Cryptocurrency dangers lurk for investors and governments


Unregulated virtual currencies have made some speculators wealthy – for now – but they have also enabled criminals to flourish beyond the scrutiny of the financial system

Since bitcoin, the best-known cryptocurrency, was first released in 2009, it has traumatised the financial world. Created by “Satoshi Nakamoto”, an alias, it has defied financial theories and generated soaring profits, for some at least. It has also created dangers, for investors and governments alike.

As a digital currency, bitcoin, backed by nothing, exists online and is anonymous, and it is hard to identify users and track payments. Cryptocurrencies are not maintained by any central authority or bank, but by “blockchain”, a digital ledger of computers worldwide, which records new transactions and creates new versions of the currency, using virtual addresses and hiding individual identities.

Veteran investor Warren Buffett predicts that the cryptocurrency craze will “come to a bad end”, but it may be a while before the bubble bursts.

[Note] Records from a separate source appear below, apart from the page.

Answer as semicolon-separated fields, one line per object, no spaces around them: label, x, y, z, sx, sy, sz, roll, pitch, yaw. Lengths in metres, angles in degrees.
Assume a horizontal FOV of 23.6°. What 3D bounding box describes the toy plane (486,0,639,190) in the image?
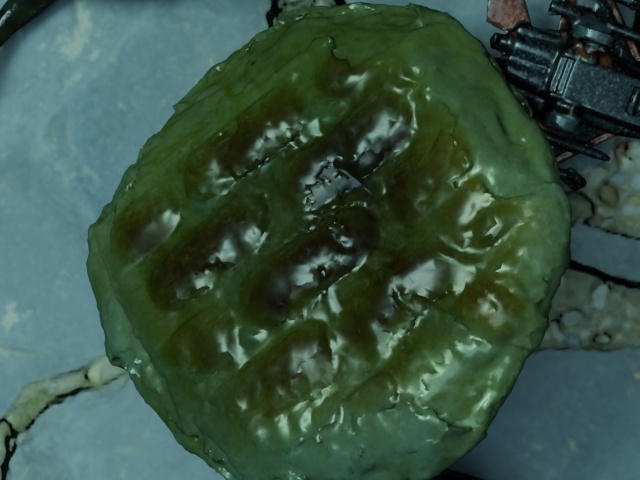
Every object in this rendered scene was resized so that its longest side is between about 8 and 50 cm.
toy plane;0.171;-0.079;0.859;0.189;0.061;0.130;20;97;9

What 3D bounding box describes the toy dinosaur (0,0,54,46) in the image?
toy dinosaur;-0.149;-0.166;0.871;0.179;0.187;0.087;-21;88;-15

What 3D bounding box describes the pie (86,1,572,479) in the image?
pie;0.000;0.000;0.848;0.306;0.071;0.306;-7;75;28

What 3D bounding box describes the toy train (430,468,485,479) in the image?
toy train;0.034;0.201;0.891;0.198;0.107;0.154;16;90;10
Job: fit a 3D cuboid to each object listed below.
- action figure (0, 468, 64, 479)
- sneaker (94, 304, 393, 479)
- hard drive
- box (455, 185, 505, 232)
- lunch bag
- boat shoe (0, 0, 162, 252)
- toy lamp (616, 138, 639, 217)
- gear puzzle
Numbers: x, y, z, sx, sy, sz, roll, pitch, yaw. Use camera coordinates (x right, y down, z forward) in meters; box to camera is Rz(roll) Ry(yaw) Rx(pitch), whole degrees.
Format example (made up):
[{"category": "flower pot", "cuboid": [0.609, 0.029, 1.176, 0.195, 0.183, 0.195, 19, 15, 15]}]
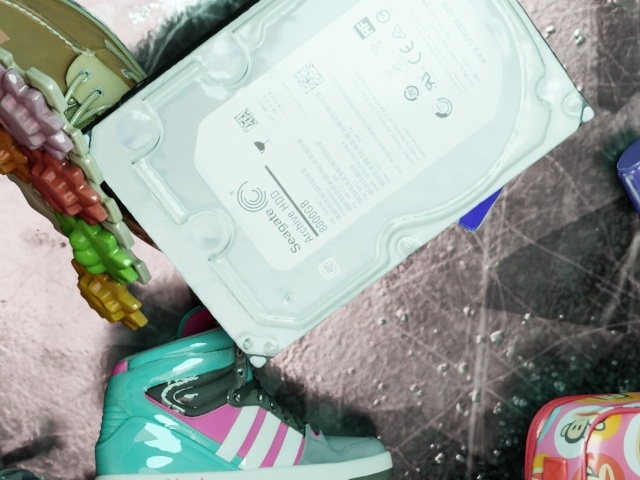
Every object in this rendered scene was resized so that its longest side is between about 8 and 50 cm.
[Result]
[{"category": "action figure", "cuboid": [-0.245, 0.274, 1.256, 0.275, 0.141, 0.164, -2, 105, -12]}, {"category": "sneaker", "cuboid": [-0.067, 0.141, 1.265, 0.295, 0.124, 0.178, 4, 77, -37]}, {"category": "hard drive", "cuboid": [0.012, -0.091, 1.117, 0.339, 0.064, 0.237, -36, 104, 2]}, {"category": "box", "cuboid": [0.079, -0.077, 1.227, 0.137, 0.126, 0.072, 28, 96, -14]}, {"category": "lunch bag", "cuboid": [0.285, 0.287, 1.302, 0.258, 0.120, 0.293, 2, 88, -29]}, {"category": "boat shoe", "cuboid": [-0.179, -0.096, 1.184, 0.324, 0.120, 0.122, 39, 96, -16]}, {"category": "toy lamp", "cuboid": [0.377, 0.012, 1.324, 0.080, 0.080, 0.274, -44, 109, 3]}, {"category": "gear puzzle", "cuboid": [-0.222, -0.032, 1.145, 0.044, 0.175, 0.339, -45, 145, -21]}]
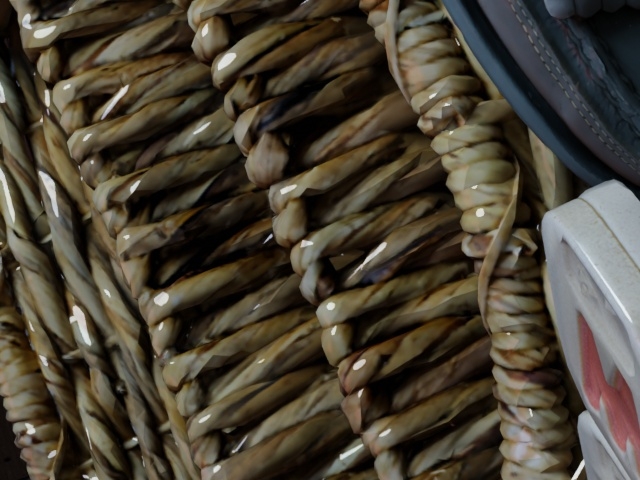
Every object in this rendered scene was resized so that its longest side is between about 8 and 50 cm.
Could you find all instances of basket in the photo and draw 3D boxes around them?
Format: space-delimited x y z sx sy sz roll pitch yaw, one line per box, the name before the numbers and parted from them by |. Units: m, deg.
basket | 0.000 0.000 0.548 0.213 0.223 0.299 136 114 -75

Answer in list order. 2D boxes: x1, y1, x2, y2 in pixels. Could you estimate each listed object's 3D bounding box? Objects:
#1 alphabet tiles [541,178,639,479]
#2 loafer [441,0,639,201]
alphabet tiles | 0.114 0.120 0.319 0.278 0.021 0.284 72 172 -46
loafer | 0.060 -0.138 0.406 0.084 0.096 0.267 -16 92 70
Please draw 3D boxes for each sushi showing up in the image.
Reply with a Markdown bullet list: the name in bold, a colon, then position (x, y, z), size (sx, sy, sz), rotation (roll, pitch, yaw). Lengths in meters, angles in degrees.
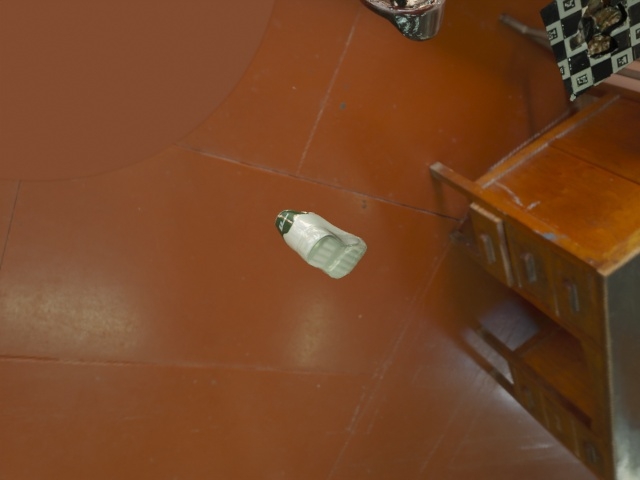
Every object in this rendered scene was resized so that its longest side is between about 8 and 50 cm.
- **sushi**: position (0.511, -0.399, 1.035), size (0.192, 0.040, 0.210), rotation (-33, 125, 14)

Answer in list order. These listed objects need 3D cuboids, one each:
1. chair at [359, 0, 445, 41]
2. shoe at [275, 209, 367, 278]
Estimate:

In the meantime, virtual crime is proliferating. As transactions cannot be policed, cryptocurrencies are popular on the dark web, where criminals can operate without the scrutiny that exists elsewhere in the financial system.

Microsoft’s Bill Gates warned last month against investing in virtual currencies, claiming they “caused deaths in a fairly direct way”. He said the absence of control enabled criminals to conduct illicit peer-to-peer transactions, including the sale of narcotics, money laundering and terrorist financing. The rising price of bitcoin has, moreover, resulted in a surge of fraud reports, including investment scams.

In the United Kingdom, Action Fraud, the national fraud and cybercrime agency, has reported that offences linked to bitcoin increased to 999 in 2017, compared to 320 in 2016. They included cases of victims parting with their money in supposed investments through malicious online adverts, and also losing money to fraudulent social media campaigns. Over the last two years, moreover, there were a further 1,206 bitcoin cybercrimes reported, such as ransomware attacks and hacking.

Bitcoin exchange sites and ATM-style bitcoin machines are unregulated in Britain, which is asking for trouble. The United States, by contrast, strictly enforces ID checks and people using the machines are photographed, to enable tracing.

Europol director Rob Wainwright estimated that between 3 billion to 4 billion pounds was being laundered through cryptocurrencies in Europe each year. He said that money “in the billions” from drug sales was being converted into bitcoin, and he has called for realistic enforcement measures. Even when the police are able to identify particular virtual transactions as criminal, they cannot freeze the assets, as they do with regular banking systems.

In Beijing, initial coin offerings have been banned, with cryptocurrency exchanges shut down. In Hong Kong, however, there is a free economy, and the Financial Services and the Treasury Bureau (FSTB) must consider alternative controls, while identifying future uses for digital techniques. Digital payment schemes can be useful for business, and blockchain technology has potential in, for example, easing payments between central banks.

Bank of England governor Mark Carney told Britain’s Parliament last year that he had discussed the launch of digital currencies with other central bankers. His bank, moreover, is now examining the feasibility of introducing its own sterling-linked cryptocurrency. A bank-backed digital currency would be far more stable than bitcoin, and would enable Britons to keep their money with the central bank, cutting out the retail bank. The bank would monitor its own currency to guard against criminal activity.

Although bitcoin dealers pride themselves on operating outside the traditional banking system, they must be fully supervised, with due diligence checks conducted on incoming funds. As bitcoin buyers often use local bank accounts to make purchases, the FSTB must ensure that banks exercise proper supervision. Money laundering rules also need to be tightened.